- **Task details**
Find the line that contains "- car (188, 192, 196, 194)"; please output it and each line after it, exactly as shown, up to the end of the entries below, skipping pictures.

*** Opening Dataset excerpts ***

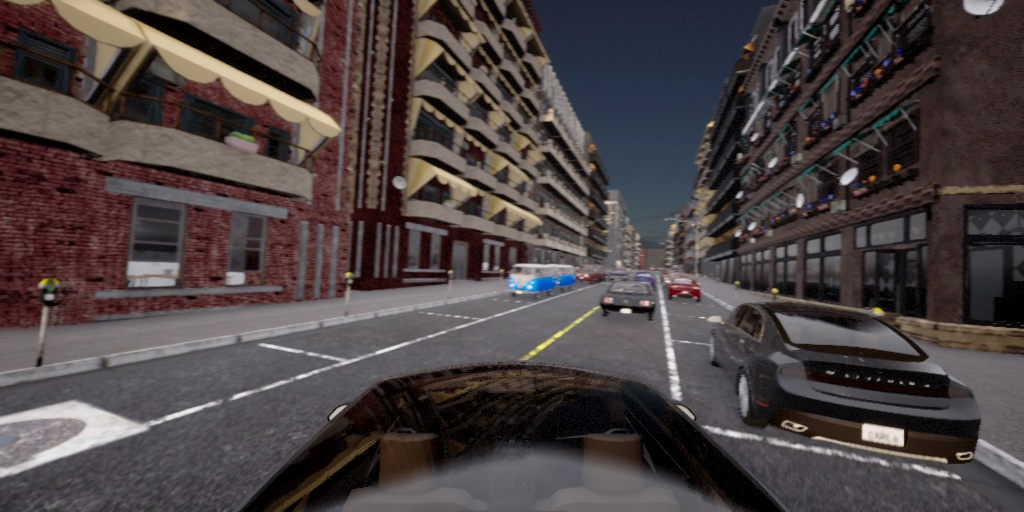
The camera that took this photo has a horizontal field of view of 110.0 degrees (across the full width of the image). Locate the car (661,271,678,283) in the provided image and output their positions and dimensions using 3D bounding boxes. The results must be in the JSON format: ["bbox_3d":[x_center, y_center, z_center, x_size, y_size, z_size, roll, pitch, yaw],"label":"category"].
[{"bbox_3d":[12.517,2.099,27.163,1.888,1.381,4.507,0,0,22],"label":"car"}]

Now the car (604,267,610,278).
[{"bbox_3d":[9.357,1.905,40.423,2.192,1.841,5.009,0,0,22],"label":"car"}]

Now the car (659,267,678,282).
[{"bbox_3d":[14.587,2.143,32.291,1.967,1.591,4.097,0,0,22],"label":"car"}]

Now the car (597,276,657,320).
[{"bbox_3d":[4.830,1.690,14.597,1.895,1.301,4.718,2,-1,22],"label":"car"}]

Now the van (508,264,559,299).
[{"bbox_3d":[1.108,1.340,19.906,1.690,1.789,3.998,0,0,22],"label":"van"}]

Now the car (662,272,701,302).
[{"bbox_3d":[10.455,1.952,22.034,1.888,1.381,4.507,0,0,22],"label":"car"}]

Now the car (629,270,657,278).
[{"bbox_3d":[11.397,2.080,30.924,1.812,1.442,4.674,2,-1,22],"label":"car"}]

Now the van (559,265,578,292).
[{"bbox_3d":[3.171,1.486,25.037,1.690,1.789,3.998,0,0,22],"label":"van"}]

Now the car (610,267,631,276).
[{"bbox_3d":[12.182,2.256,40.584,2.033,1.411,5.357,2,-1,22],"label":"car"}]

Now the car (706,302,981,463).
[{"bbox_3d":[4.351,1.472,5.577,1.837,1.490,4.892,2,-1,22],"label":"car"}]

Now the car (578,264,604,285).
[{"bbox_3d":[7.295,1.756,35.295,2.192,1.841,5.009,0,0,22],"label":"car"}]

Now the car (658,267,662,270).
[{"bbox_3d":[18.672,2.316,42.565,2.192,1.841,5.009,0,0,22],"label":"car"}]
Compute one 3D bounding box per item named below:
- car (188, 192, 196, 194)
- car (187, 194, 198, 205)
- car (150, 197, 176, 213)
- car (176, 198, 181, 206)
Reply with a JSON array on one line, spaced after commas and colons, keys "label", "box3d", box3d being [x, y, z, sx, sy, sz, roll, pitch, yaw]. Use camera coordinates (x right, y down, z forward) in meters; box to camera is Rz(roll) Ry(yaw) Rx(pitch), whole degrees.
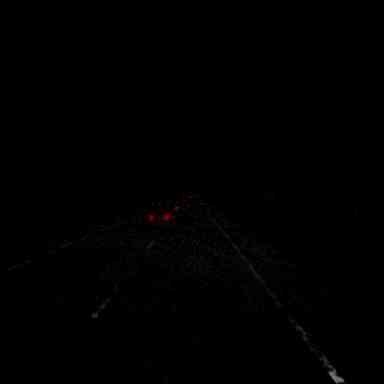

*** Closing Dataset excerpts ***

- **Task response**
- car (188, 192, 196, 194)
- car (187, 194, 198, 205)
- car (150, 197, 176, 213)
- car (176, 198, 181, 206)
Reply with a JSON array on one line, spaced after commas and colons, keys "label", "box3d", box3d being [x, y, z, sx, sy, sz, roll, pitch, yaw]. Use camera coordinates (x right, y down, z forward) in meters; box to camera is Rz(roll) Ry(yaw) Rx(pitch), whole degrees.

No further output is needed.